2. Results and Discussion

2.1. Analysis and Discussion

2.1.1. Characters of Rhodomyrtus tomentosa Chloroplast (CP) Genome

The CP genome of R. tomentosa displays a typical circular double-chain structure, which is 156,129 bp in length. As shown in Figure 1 and Table 1, it is composed of four parts. A pair of inverted repeats (IRa and IRb) with lengths of 25,824 bp separates the large single-copy (LSC) region from the small single-copy (SSC) region, which have lengths of 86,298 bp and 18,183 bp, respectively. The overall length of the protein-coding sequence (CDS) is 76,113 bp. The total GC and AT contents of the R. tomentosa CP genome are 37.1% and 62.8%, respectively. Furthermore, the GC contents of the IR regions, the SSC region and the LSC region are 42.9%, 30.8% and 35.1%, respectively. Generally, the GC content of CP genomes ranges from 34% to 40%, but GC content is not evenly distributed in various regions of the genome. GC content in the IR region was significantly higher than that in the LSC and SSC region. The high GC content in the IR regions was due to the presence of four rRNA genes (rrn16, rrn23, rrn4.5 and rrn5). The content of GC in CDS (37.6%) is slightly higher than that of total GC content. In greater detail, the GC content for the first, second, and third codon positions are 44.9%, 37.3%, and 30.6%, respectively. Obviously, there is a bias toward a higher AT representation at the third codon position, a feature that was also found in other plant CP genomes [19,20].
Figure 1

Genome scheme of the Rhodomyrtus tomentosa chloroplast genome. Genes inside the circle are transcribed clockwise, while those outside are transcribed counterclockwise Filled colors represent different functional groups that specific genes fall into according to the legend on the bottom. Gray arrow represents gene direction. The darker gray color in the inner circle corresponds to GC (guanine and cytosine) content, whereas the lighter gray corresponds to AT (adenine and uracil) content.

Table 1

Base composition in the chloroplast genome of R. tomentosa.
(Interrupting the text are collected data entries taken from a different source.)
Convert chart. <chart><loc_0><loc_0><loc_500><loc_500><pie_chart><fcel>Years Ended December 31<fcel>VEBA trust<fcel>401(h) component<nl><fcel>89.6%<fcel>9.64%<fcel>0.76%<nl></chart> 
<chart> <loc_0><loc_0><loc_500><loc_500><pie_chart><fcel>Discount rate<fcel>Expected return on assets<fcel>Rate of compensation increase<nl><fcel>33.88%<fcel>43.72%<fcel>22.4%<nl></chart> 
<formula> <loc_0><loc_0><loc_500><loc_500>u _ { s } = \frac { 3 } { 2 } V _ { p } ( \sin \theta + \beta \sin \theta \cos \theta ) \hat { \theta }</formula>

RegionPositionsT (%)C (%)A (%)G (%)Length (bp)
LSC 33.318.031.717.186,298
IRA 28.420.728.722.225,824
SSC 34.116.235.114.618,183
IRB 28.722.228.420.725,284
Total 31.818.931.018.2156,129
CDS 31.617.530.820.176,113
1st position24.018.630.826.325,371
2nd position33.019.829.617.525,371
3rd position37.014.132.016.525,371
The CP genome of R. tomentosa encodes a total of 114 different genes (Table 2), of which 15 genes are duplicated in the IR regions. These 129 genes are comprised of 84 protein-coding genes, 37 tRNA genes and eight rRNA genes. Three pseudogenes (ycf1, rps19 and ndhF) are located around the IR-SSC, IR-LSC and SSC-IR boundaries, respectively. Four protein-coding genes, seven tRNA genes and four rRNA genes are duplicated in the IR regions. The coding regions constitute 56.7% of the genome, while the rest of the genome contains non-coding regions including introns, pseudogenes, and intergenic spacers.
Table 2

Base composition in the chloroplast genome of R. tomentosa.
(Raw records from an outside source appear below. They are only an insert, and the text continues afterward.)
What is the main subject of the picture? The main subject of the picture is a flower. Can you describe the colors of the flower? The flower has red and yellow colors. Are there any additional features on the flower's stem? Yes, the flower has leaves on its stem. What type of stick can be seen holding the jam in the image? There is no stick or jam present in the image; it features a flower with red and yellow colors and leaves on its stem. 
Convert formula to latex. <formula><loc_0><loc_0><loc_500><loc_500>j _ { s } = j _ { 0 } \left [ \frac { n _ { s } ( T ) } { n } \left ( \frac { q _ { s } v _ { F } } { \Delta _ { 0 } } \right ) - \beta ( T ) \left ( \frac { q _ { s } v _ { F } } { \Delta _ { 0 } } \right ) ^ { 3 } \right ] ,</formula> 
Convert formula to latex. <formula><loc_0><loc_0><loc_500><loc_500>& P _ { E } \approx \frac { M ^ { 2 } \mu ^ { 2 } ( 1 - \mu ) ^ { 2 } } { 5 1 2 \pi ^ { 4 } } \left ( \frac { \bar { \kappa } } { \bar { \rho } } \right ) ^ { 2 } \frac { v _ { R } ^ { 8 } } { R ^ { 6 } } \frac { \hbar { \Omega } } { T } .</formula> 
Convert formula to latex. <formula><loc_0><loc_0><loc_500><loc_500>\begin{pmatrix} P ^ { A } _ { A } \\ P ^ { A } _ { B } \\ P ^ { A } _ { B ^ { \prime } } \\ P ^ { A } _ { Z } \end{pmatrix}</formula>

Gene ClassificationGene NamesNumber
Photosystem IpsaA, psaB, psaC, psaI, psaJ5
Photosystem IIpsbA, psbB, psbC, psbD, psbE, psbF, psbH, psbI, psbJ, psbK, psbL, psbM, psbN, psbT, psbZ15
Cytochrome b/f complexpetA, petB *, petD *, petG, petL, petN6
ATP synthaseatpA, atpB, atpE, atpF, atpH, atpI6
NADH dehydrogenasendhA *, ndhB * (×2), ndhC, ndhD, ndhE, ndhF, ndhG, ndhH, ndhI, ndhJ, ndhK12(1)
RuBisCO large subunit rbcL 1
RNA polymeraserpoA, rpoB, rpoC1, rpoC24
Ribosomal proteins (SSC)rps2, rps3, rps4, rps7 (×2), rps8, rps11, rps12 ** (×2), rps14, rps15, rps16 *, rps18, rps1914(2)
Ribosomal proteins (LSC)rpl2 (×2), rpl14, rpl16, rpl20, rpl22, rpl23 (×2), rpl32, rpl33, rpl3611
Ribosomal RNAsrrn 4.5 (×2), rrn 5 (×2), rrn 16 (×2), rrn 23 (×2)8(4)
Protein of unknown functionycf1, ycf2 (×2), ycf3 **, ycf45(1)
Transfer RNAs37 tRNAs (8 contain an intron, 7 in the inverted repeats region)37(7)
Other genesaccD, ccsA, cemA, clpP, matK5
Total 129

* Indicates gene contains one intron; ** indicates two introns; (×2) indicates the number of the repeat unit is 2.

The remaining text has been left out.